April 26, 2023

Carter Hoskins, Dave Achonu, Jacob Moran

11th Grade

Baldwin Senior High School

Have you ever wondered what drives the Joker, the iconic villain from DC Comics, to his maniacal behavior? In the video game “Arkham Knight,” the Joker suffers from a mutated version of a rare and fatal neurological disorder known as Creutzfeldt-Jakob disease. If you haven’t heard of this disease, don’t fret; it doesn’t take a caped crusader to understand this disorder.

Although the video game depiction of Creutzfeldt-Jakob disease is merely fictional, it did get one thing correct: Creutzfeldt-Jakob disease is likely caused by abnormally shaped proteins, or prions. This process contributes to the formation of prion aggregates—harmful clumps of protein—that damage the brain and results in a slew of neurological complications.

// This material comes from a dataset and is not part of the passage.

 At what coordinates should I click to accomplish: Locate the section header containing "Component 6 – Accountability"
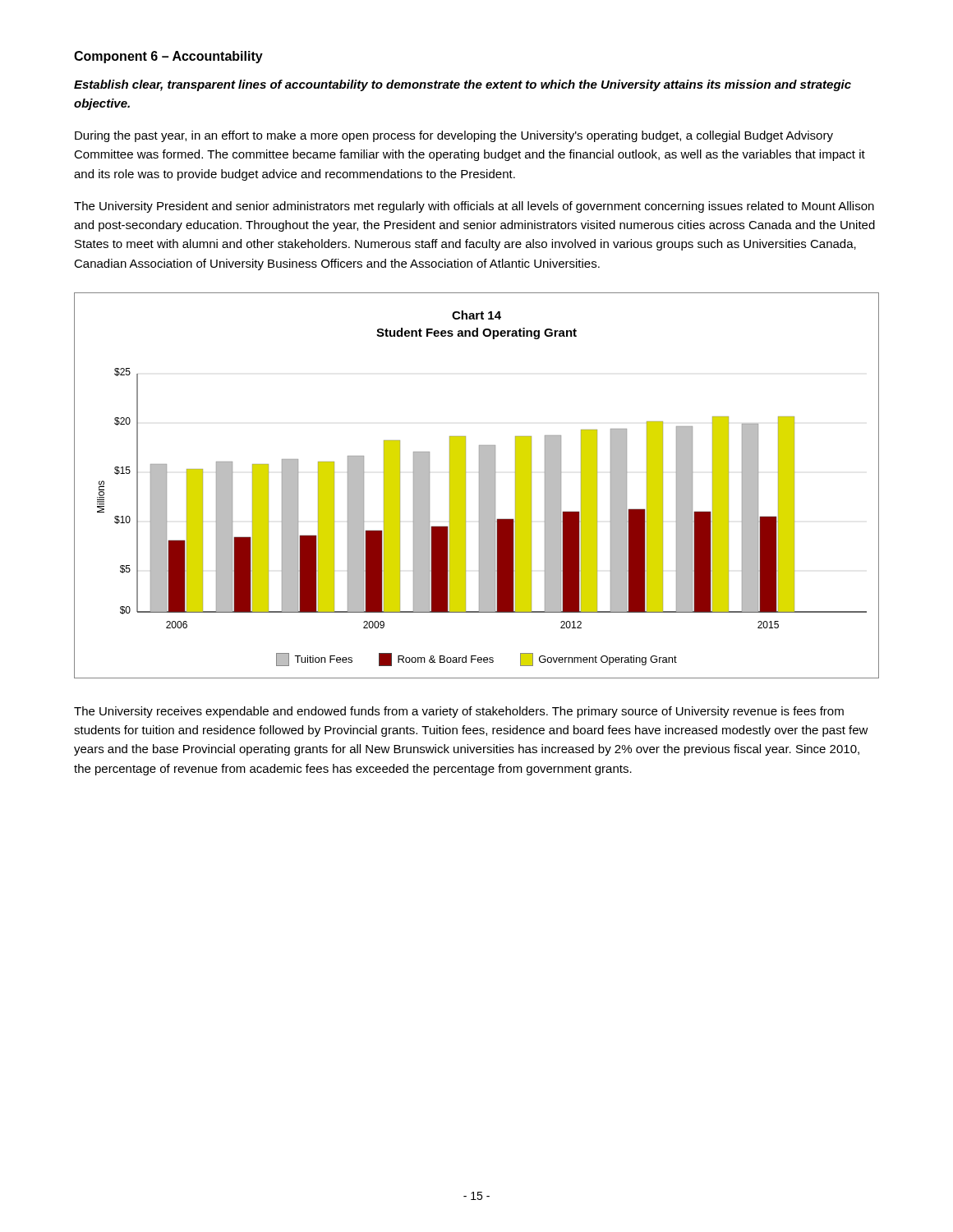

Though Creutzfeldt-Jakob disease doesn’t result in villainous hysteria, its symptoms can seem like the work of evil. When highlighting the hallmarks of Creutzfeldt-Jakob disease, experts often compare it to Alzheimer’s disease, due to its familiarity with the general population. While patients of both disorders exhibit similar symptoms, the physical manifestations of Creutzfeldt-Jakob disease are often greater in magnitude. Stanford Medicine describes the complications associated with this disorder as memory impairment, cognitive decline, personality alterations, and compromised musculoskeletal control. In some rare cases, Creutzfeldt-Jakob disease can result in pathological laughing, reminiscent of the Joker’s infamous cackle. These symptoms develop swiftly, resulting in more severe complications, such as falling into a comatose state and eventually death.

At this point, you may be wondering how this disease develops; fortunately, it has nothing to do with criminal clowns. The mechanisms of Creutzfeldt-Jakob disease and other prion disorders are not yet fully understood by experts in the field. However, neurologists theorize that prion disorders develop as a result of misfolded proteins in the cerebrum.

Misshapen proteins, or prions, induce nearby, unsuspecting healthy proteins to adopt their abnormal structure. These irregular proteins rapidly proliferate, infecting more, otherwise healthy proteins, like a zombie apocalypse on the molecular level. The infected protein conglomerate forms harmful aggregates in the brain and wreaks havoc. According to neurologist Stanley Prusiner, these aggregates “accumulate primarily in the cerebral cortex,” the region of the brain responsible for memory, critical thinking, and personality. These physiological changes are responsible for the characteristic symptoms of Creutzfeldt-Jakob disease.

Currently, there is no cure or reliable preventative methods for prion diseases, and treatment interventions are limited to symptomatic relief. Although Creutzfeldt-Jakob disease is a rare disorder, researching this affliction is vital. Creutzfeldt-Jakob disease is part of a large group of neurodegenerative disorders caused by abnormal protein aggregates, including Alzheimer’s disease and Parkinson’s disease. According to biochemist Yusuf Tutar, “millions of people are affected [by] these diseases.” Studying disorders such as Creutzfeldt-Jakob disease allows for a greater understanding of these diseases and will pave the way toward discovering treatments, impacting the lives of millions. While the Joker's madness may be fictional, and the likelihood of Creutzfeldt-Jakob disease mutating into a Joker-esque disease is minuscule, the real-world implications of protein aggregate diseases are all too real, and understanding these conditions is crucial to developing effective treatments.